Злобич внимательно слушал, слегка улыбаясь. Мартынов понял, что убедил товарища, и, не желая больше терять времени, решил поскорей закончить допрос и ехать на собрание комсомольского актива. Посмотрев на пленного, он сказал:
– Спроси, Платон, как из-под Москвы он попал на станцию Гроховка.
– Повоевал он на фронте всего несколько дней. В одном из боев его ранило. Сначала был в госпитале, а потом с месяц долечивался дома. Когда поправился, снова попал в действующую армию. Прибыл в Гроховку и в ожидании переформирования своей части неделю жил здесь вместе со взводом однополчан.
– Как он пришел к решению перебежать на нашу сторону?
– Говорит, что об этом стал думать сразу, как только очутился на нашей земле. Когда после выздоровления уезжал из дому, он специально взял некоторые документы, надеясь, что они понадобятся при переходе на нашу сторону… У него есть еще один интересный документ. Вот, – Смирнов показал небольшую бумажку, на одной стороне которой по-немецки был напечатан текст. – Это партизанская листовка – предложение немецким солдатам переходить на нашу сторону.
– Где она попалась ему? – заинтересовался Злобич. – Мы же ее распространяли только в Калиновке.
– Дал один немец-экспедитор из торговой конторы «Восток». Этот немец стоял с ним на одной квартире в Гроховке и часто ездил в Калиновку. Пауль Вирт говорит, что, прочитав эту листовку, он твердо решил перейти на сторону партизан. Он хотел осуществить свое намерение не торопясь, но непредвиденный случай подогнал его.
– Что это за случай? – нетерпеливо спросил Мартынов.
– Рядом с домом, где жил Пауль Вирт, квартировали по соседству два его начальника – командир взвода и командир отделения. Вчера днем они сильно напились и стали «развлекаться». Узнав, что сын Виртовой хозяйки и еще двое парней из соседних домов не хотят быть полицейскими, они стали их избивать. Потом, приказав Паулю Вирту идти с ними, повели парней за станционный поселок, в кустарник. Сюда же пригнали трех мужчин-евреев с лопатами и приказали им копать могилу. Когда она была готова, фашисты загнали в нее евреев и приказали белорусам закапывать. Юноши отказались. Один из них назвал гитлеровцев людоедами, и они в упор расстреляли его. Потом гитлеровцы загнали белорусов в яму, а евреям приказали закапывать, но евреи стояли неподвижно. И вдруг один из них поднял с земли лопату и бросил в гитлеровца. Немцы схватились за пистолеты, но Пауль Вирт помешал им: он скосил обоих автоматной очередью.

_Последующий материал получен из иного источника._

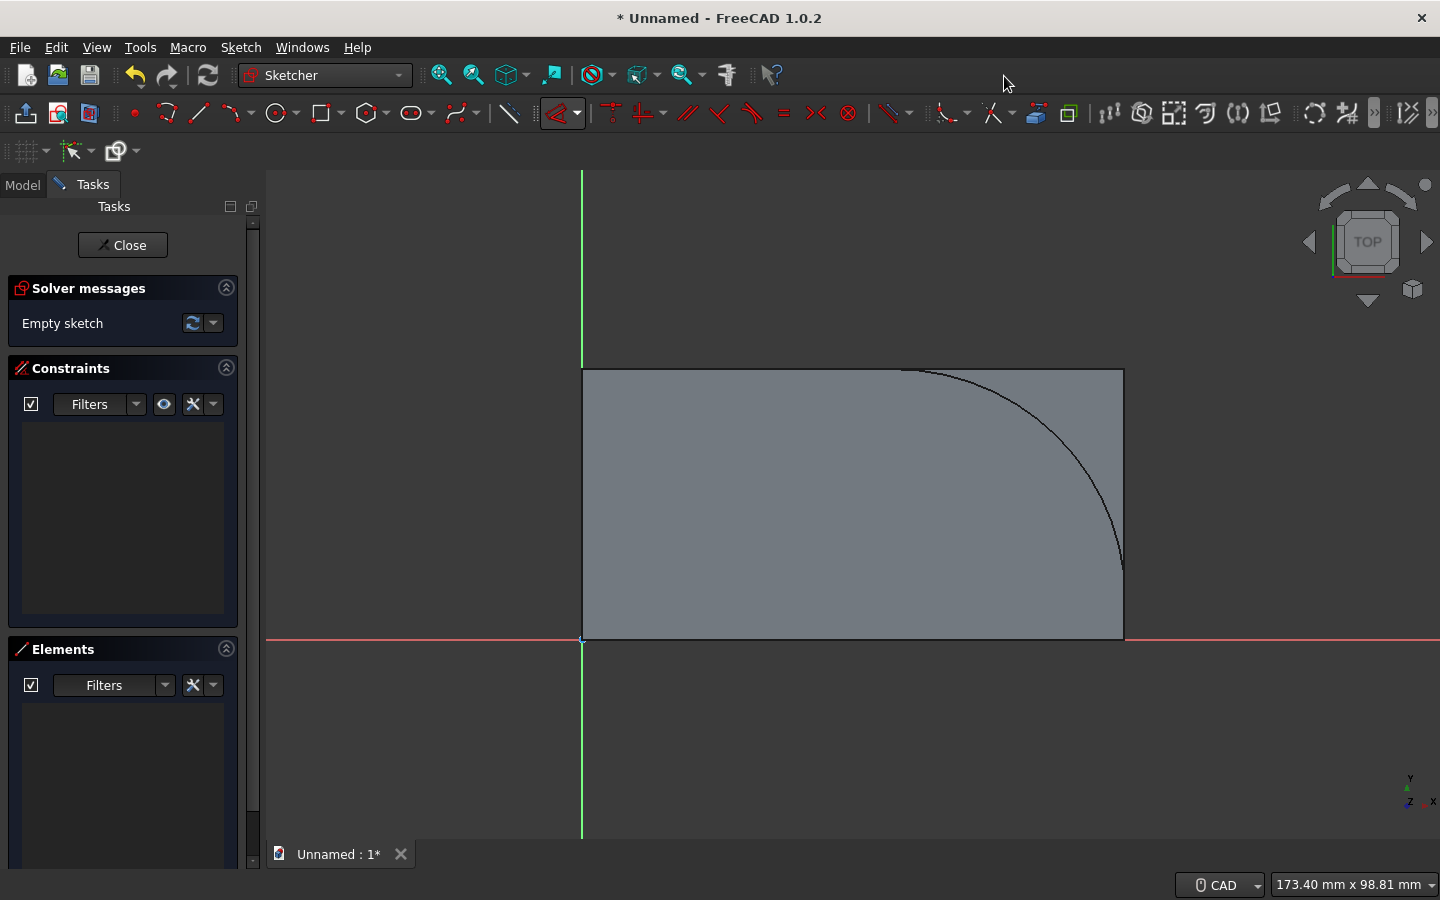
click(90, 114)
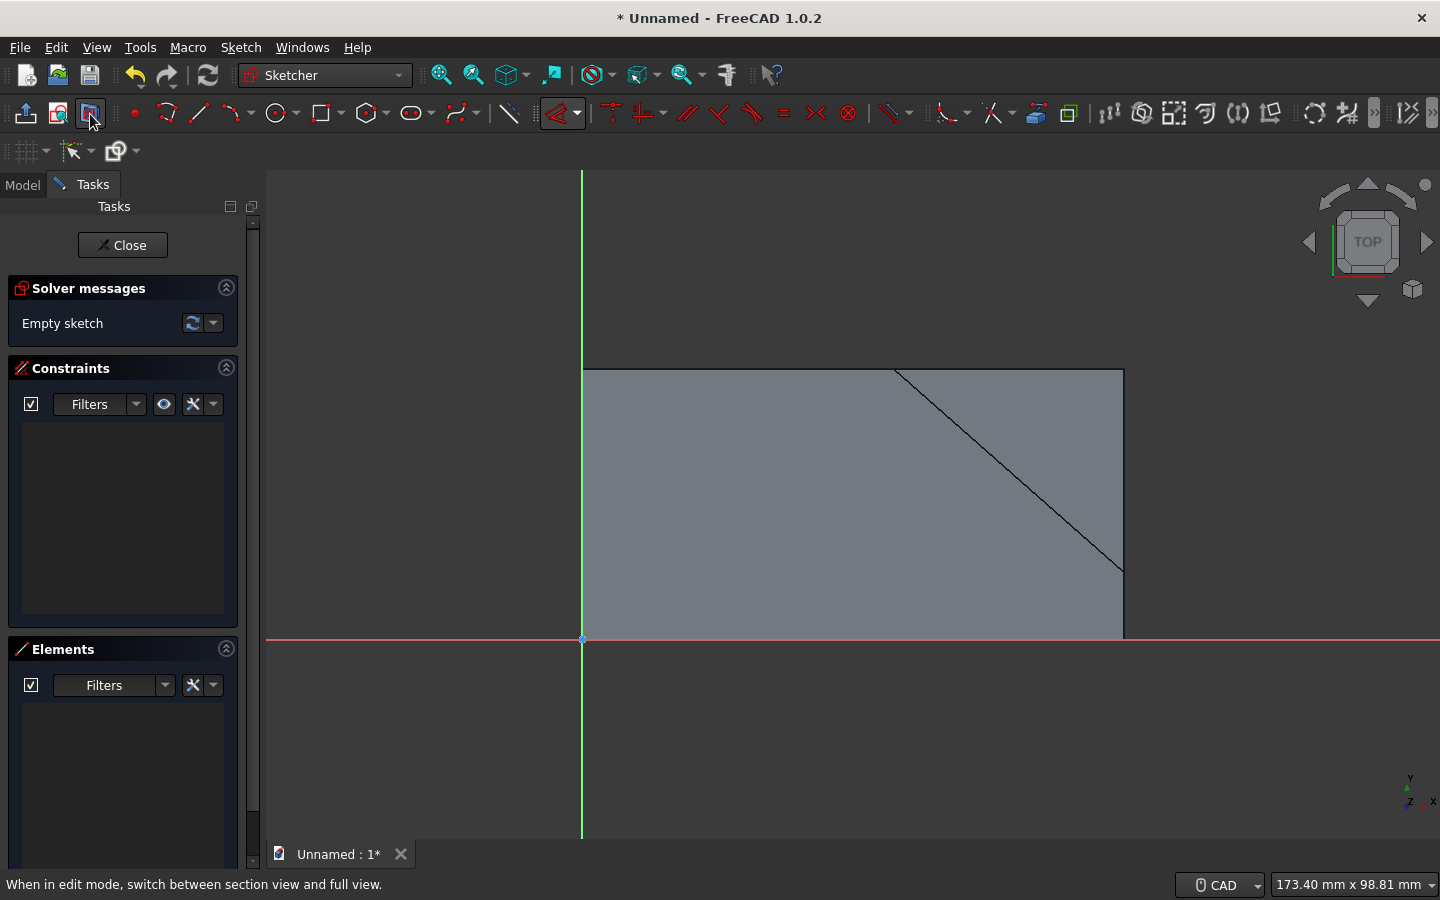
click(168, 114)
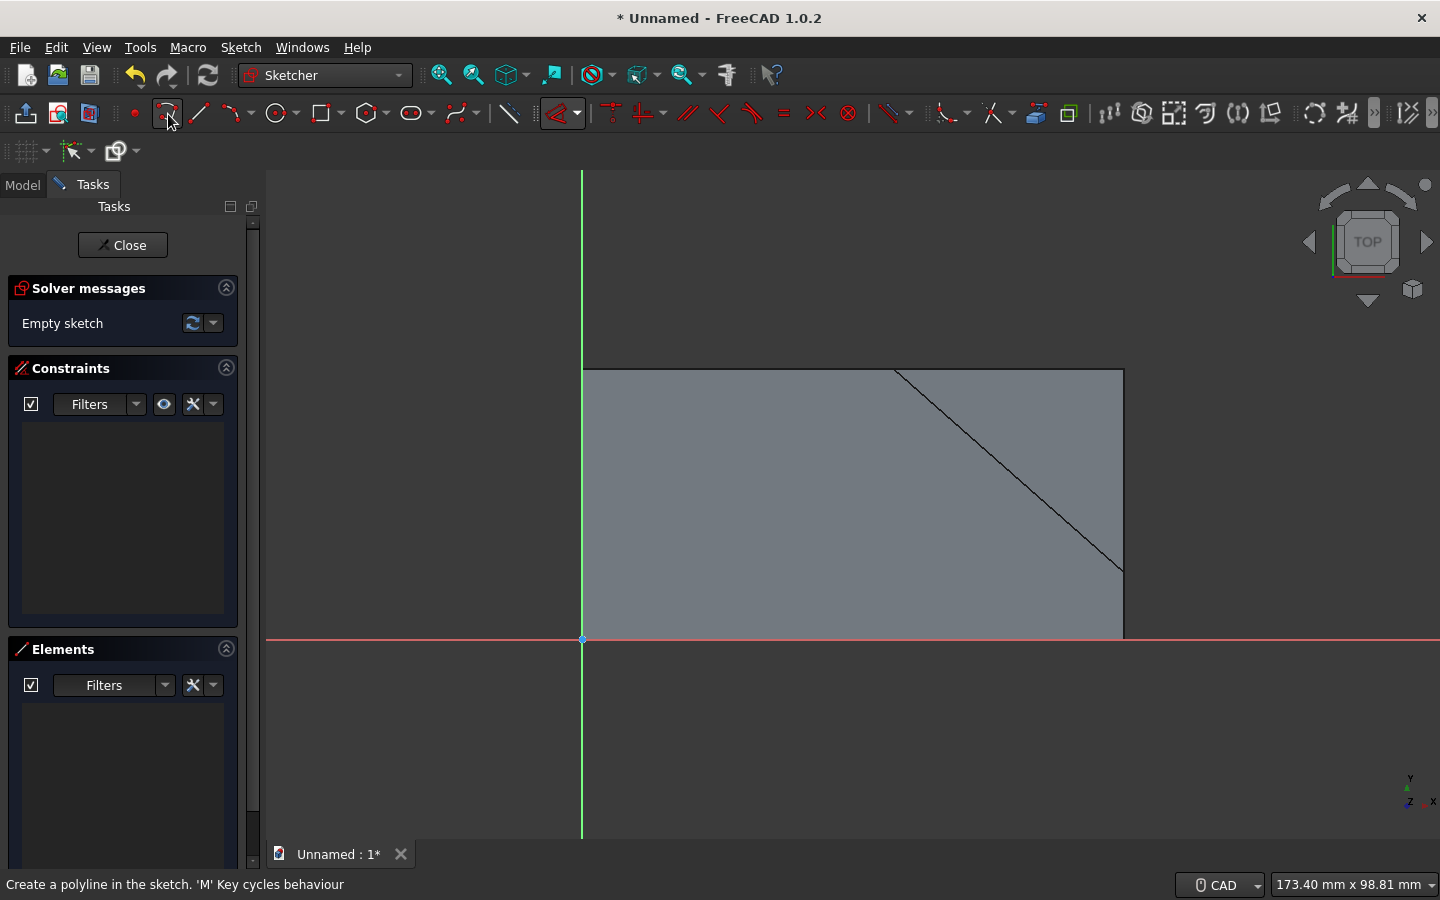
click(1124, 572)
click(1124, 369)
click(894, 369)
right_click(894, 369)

– И что же дальше? – спросил Злобич, с любопытством взглянув на пленного.
– Все рассыпались по лесу. Была погоня. Пауль Вирт застрелил мотоциклиста и на его машине добрался до Родников, где и попал в твои руки, Борис.
В землянке на некоторое время воцарилось молчание. Все смотрели на Пауля Вирта уже по-иному.
– Значит, закругляем допрос, – сказал Мартынов. – Куда мы направим его?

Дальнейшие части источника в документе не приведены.